**What the task requires:** Scan the records for the word "Ränder". Copy each line that includes it.
____ Exercise data
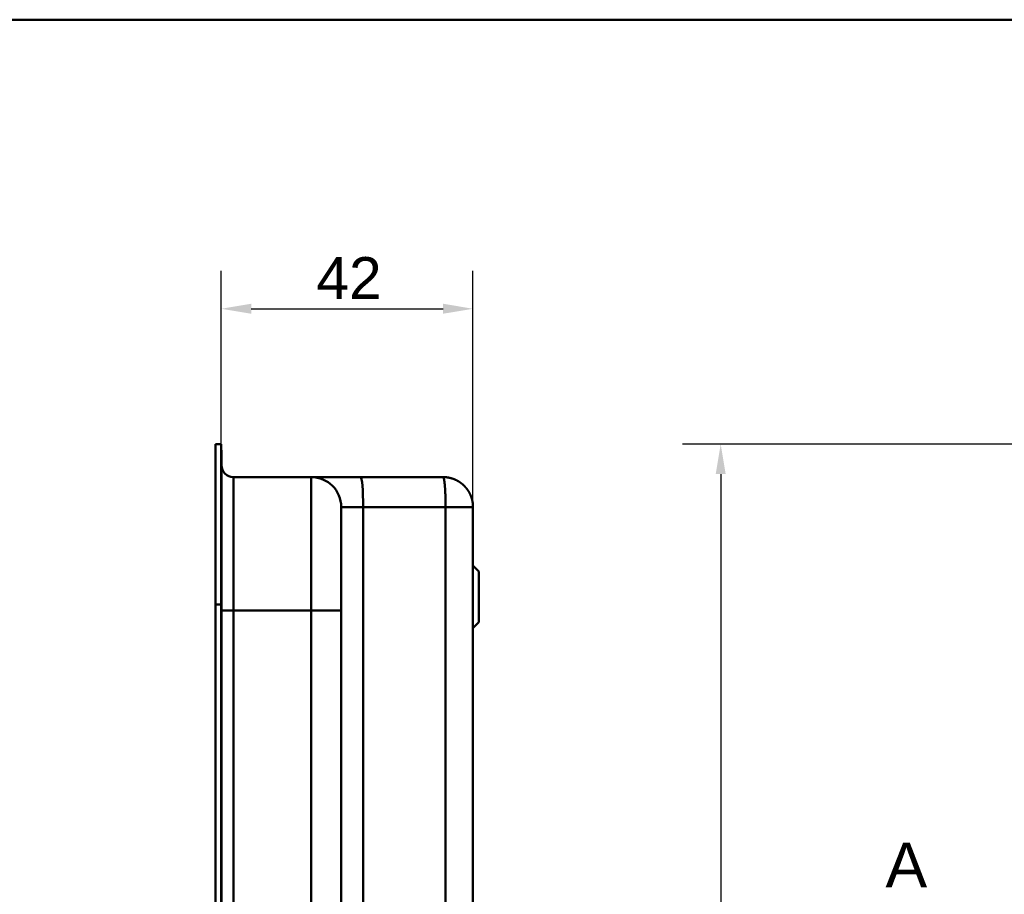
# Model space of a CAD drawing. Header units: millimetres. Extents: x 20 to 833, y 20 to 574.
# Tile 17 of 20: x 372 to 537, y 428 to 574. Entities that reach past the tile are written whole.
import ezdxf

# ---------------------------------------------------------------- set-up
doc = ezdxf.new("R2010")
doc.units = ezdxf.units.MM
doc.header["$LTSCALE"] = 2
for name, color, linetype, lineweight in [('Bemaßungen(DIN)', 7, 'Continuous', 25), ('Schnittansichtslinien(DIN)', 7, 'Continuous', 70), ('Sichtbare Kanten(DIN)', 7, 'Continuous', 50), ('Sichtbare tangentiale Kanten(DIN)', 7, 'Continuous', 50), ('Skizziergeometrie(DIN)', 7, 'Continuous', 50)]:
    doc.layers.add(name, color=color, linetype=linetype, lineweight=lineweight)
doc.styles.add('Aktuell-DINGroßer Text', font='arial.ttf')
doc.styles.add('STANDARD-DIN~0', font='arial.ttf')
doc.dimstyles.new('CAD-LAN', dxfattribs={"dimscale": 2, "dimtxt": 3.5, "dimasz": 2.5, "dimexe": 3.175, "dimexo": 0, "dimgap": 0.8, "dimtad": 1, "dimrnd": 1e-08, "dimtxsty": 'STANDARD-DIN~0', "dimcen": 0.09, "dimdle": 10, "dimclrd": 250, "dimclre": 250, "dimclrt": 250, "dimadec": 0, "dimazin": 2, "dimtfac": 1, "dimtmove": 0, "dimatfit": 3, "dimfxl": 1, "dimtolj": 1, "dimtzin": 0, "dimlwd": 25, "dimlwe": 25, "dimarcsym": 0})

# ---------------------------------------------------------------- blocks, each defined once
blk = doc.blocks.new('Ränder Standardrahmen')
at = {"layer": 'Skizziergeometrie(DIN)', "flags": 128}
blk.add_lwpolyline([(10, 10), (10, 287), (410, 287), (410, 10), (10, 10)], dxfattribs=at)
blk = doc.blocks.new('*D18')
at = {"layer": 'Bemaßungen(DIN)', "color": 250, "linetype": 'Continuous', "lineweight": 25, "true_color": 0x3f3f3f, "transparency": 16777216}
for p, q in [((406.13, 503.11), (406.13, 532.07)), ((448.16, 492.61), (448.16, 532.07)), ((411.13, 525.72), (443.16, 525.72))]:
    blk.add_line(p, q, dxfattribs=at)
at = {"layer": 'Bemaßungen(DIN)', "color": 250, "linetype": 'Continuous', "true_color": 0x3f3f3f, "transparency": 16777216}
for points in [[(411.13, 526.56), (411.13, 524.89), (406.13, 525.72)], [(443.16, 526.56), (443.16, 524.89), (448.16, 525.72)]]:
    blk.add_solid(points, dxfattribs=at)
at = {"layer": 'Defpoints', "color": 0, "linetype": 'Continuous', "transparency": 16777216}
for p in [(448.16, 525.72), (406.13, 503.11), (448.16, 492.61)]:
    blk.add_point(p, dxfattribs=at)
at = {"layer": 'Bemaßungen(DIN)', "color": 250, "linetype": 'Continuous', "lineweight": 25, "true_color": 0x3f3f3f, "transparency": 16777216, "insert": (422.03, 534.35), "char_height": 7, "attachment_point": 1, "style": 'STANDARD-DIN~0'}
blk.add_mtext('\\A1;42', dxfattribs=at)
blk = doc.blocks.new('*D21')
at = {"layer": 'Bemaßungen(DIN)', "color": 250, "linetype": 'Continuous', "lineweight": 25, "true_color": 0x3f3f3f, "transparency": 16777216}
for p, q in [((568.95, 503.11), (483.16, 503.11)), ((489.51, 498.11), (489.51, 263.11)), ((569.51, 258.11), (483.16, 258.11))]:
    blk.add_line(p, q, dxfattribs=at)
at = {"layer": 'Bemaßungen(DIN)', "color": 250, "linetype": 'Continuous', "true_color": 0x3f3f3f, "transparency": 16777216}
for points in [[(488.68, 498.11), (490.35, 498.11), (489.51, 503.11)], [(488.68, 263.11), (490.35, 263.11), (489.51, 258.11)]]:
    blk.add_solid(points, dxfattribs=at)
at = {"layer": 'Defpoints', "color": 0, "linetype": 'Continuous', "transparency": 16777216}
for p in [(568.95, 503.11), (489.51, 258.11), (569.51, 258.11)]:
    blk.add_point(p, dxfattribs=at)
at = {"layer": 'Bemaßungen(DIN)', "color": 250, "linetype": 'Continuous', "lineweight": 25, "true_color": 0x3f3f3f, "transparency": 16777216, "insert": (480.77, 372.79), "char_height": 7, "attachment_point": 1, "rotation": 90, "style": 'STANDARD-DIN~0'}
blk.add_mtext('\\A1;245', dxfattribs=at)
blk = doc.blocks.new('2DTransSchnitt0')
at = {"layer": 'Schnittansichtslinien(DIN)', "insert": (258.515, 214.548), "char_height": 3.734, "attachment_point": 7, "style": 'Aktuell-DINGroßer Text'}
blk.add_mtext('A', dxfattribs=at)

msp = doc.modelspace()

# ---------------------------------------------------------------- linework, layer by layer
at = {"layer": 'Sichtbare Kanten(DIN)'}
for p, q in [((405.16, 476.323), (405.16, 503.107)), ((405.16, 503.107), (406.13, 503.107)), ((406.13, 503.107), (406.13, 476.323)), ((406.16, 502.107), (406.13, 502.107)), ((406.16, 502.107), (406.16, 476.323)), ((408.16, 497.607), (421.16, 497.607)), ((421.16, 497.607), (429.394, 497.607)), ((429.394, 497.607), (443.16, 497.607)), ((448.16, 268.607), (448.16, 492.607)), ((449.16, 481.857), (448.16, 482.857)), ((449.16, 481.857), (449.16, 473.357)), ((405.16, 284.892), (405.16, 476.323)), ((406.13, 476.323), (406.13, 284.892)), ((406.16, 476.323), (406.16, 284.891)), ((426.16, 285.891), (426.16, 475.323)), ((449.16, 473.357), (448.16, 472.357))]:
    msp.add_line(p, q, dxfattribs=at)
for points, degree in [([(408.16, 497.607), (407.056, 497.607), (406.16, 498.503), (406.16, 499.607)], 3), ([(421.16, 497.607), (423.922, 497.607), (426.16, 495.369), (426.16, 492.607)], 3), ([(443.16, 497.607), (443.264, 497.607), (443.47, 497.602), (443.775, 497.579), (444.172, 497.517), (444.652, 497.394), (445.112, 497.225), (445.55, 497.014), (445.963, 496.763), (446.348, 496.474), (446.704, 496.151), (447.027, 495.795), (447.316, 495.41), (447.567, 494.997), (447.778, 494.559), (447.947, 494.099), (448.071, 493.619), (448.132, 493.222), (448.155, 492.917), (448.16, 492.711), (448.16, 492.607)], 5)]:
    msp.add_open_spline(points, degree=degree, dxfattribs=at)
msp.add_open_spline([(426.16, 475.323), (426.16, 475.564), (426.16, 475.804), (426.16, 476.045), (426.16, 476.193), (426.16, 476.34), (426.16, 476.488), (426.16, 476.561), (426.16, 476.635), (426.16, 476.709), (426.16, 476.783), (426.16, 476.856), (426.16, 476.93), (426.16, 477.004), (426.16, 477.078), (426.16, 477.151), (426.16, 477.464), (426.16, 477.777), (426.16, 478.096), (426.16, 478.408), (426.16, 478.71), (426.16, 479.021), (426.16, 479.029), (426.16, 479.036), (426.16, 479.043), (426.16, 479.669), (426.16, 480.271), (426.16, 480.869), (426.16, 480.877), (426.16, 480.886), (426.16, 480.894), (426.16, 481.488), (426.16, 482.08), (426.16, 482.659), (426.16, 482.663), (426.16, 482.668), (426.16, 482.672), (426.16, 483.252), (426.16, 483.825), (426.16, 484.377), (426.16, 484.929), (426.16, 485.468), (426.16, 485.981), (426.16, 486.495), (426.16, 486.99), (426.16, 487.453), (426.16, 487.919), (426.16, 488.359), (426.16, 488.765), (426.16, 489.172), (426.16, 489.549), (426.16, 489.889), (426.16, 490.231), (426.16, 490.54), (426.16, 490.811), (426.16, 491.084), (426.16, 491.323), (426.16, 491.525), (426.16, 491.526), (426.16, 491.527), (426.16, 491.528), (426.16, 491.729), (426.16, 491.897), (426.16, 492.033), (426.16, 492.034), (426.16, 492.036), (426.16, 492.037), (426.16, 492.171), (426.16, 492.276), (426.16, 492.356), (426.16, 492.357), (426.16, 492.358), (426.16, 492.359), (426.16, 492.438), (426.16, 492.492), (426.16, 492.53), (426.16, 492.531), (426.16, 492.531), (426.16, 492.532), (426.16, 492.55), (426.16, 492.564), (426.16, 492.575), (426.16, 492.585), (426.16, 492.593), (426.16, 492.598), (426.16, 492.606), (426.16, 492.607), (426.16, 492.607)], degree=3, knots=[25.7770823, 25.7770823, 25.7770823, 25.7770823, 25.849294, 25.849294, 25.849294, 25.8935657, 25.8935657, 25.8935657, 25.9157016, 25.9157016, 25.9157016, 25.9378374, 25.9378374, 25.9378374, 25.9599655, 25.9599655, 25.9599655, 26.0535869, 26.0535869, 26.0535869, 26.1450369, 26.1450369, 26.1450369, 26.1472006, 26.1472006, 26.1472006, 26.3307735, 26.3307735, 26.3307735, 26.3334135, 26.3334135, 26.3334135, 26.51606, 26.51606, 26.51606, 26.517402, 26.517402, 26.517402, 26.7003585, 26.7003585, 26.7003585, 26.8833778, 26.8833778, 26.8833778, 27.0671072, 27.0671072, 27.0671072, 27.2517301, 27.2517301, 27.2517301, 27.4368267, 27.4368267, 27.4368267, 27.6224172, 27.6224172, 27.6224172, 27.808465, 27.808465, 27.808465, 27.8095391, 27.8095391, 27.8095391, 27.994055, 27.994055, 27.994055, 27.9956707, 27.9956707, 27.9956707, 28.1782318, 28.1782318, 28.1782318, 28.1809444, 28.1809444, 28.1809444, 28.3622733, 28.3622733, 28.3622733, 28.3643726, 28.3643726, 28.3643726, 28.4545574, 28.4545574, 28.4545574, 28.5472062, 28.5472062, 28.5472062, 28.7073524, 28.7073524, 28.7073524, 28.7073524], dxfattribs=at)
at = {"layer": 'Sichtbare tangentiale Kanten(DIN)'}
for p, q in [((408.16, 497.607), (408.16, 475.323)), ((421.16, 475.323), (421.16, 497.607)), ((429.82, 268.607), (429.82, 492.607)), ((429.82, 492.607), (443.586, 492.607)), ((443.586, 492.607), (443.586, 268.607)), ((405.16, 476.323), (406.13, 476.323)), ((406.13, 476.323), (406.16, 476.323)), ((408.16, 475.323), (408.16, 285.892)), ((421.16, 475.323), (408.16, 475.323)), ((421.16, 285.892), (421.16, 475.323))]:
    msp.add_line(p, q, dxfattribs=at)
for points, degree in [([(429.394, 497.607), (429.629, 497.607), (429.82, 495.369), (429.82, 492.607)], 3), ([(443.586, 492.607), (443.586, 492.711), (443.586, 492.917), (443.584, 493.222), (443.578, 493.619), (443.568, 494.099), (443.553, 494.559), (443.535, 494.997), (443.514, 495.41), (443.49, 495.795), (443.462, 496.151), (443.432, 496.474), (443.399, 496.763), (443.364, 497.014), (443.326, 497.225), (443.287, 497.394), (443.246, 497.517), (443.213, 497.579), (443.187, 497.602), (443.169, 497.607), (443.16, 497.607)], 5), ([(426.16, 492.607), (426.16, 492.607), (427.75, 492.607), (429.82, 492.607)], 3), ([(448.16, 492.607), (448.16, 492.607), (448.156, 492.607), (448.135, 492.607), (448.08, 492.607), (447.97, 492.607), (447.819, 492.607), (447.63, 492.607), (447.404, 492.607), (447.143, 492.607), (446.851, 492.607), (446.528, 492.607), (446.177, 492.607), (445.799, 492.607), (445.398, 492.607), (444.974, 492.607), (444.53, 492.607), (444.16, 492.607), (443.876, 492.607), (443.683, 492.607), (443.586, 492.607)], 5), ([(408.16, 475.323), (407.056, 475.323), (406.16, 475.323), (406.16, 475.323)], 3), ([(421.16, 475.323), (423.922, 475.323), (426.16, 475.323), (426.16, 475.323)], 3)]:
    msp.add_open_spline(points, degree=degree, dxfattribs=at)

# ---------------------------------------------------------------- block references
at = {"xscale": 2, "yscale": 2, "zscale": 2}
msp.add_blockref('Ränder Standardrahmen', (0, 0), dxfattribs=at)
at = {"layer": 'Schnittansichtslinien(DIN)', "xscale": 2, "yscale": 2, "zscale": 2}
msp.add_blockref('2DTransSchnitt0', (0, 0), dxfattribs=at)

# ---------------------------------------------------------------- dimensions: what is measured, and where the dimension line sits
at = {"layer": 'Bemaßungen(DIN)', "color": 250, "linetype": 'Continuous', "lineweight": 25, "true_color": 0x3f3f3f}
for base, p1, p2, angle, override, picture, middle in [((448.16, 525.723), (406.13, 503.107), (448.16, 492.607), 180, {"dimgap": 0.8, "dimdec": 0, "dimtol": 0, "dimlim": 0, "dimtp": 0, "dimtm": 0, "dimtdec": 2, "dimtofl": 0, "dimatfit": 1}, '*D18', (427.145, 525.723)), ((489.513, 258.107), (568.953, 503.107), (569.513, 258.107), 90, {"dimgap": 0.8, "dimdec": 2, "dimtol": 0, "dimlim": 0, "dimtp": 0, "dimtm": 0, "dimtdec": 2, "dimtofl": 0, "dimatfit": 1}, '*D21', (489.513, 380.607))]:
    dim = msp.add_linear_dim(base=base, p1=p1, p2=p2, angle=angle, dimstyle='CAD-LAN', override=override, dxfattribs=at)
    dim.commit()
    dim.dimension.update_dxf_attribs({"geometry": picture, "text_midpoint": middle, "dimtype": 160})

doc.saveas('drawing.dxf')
________
**Solved problem:**
blk = doc.blocks.new('Ränder Standardrahmen')
msp.add_blockref('Ränder Standardrahmen', (0, 0), dxfattribs=at)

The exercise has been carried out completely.